# Geometry Help Please!



## XxMontanaxX (Apr 11, 2008)

Will somebody explain this to me? Like very detailed...because I'm slow.







ABCD is a rectangle.

1. If AC = 2x + 13 and DB = 4x - 1, find x.

2. If AC = x + 3 and DB = 3x - 19, find AC.

3. If AE = 3x + 3 and EC = 5x = 15, find AC.

4. If DE = 6x - 7 and AE = 4x + 9, find DB.

5. If m<DAC = 2x + 4 and m<BAC = 3x + 1, find x.

6. If m<BDC = 7x + 1 and m<ADB = 9x -7, find m<BDC.

7. If m<ABD = x^2 - 7 and m<CDB = 4x + 5, find x.

8. If m<BAC = x^2 + 3 and m<CAD = x + 15, find m<BAC.



And m< means "measure of angle"

and x^2 is "x squared"

I didn't know how to get the symbols for those.

Thanks to anyone who helps!

And I have a lot more problems so everyone keep comming back and checking pleaseee!


----------



## seniorcats (Apr 12, 2008)

http://hotmath.com/help/homework/geometry-library.html

You might try this site


----------



## PepnFluff (Apr 12, 2008)

Montana i feel for you i really do, were just finishing quadratic equations and moving onto algebra with a HUGE test on tuesday.

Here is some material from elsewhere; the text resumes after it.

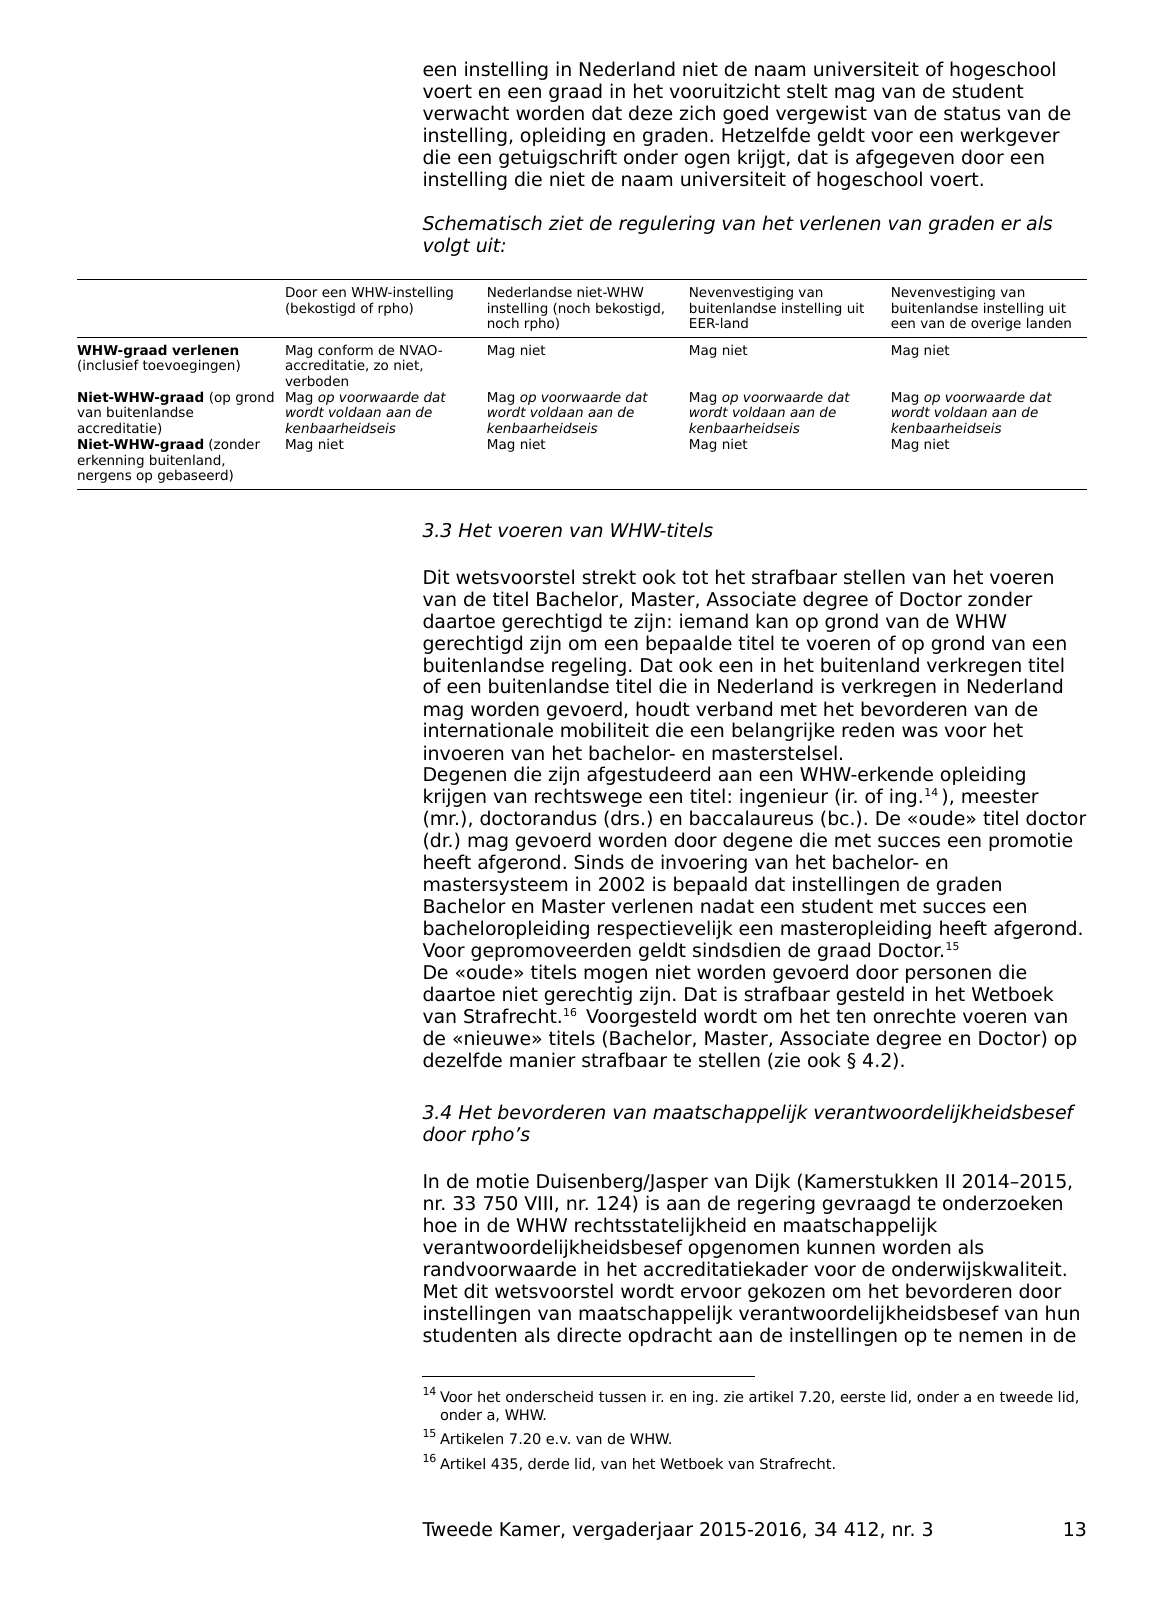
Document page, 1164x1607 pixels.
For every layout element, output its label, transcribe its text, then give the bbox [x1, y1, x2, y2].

Good luck with the questions but sadly i suck at geometry so i cant really help you.


----------



## timetowaste (Apr 12, 2008)

girl please you are NOT slow. i HATE GEOMETRY PASSIONATELY!!

1. AC and DB are the same length. So....

2x+13 = 4x-1

i would subtract 2x from both sides, which gives you 2x-1=13. from there i'm assuming you can do algebra....x=7.

2. Again, AC and DB are the same length SO...

x+3 = 3x - 19

i would subtract x from both sides...2x-19=3. using simple algebra again....x = 11.

Now plug 11 in as x. so, 11 + 3 = 14. So AC = 14.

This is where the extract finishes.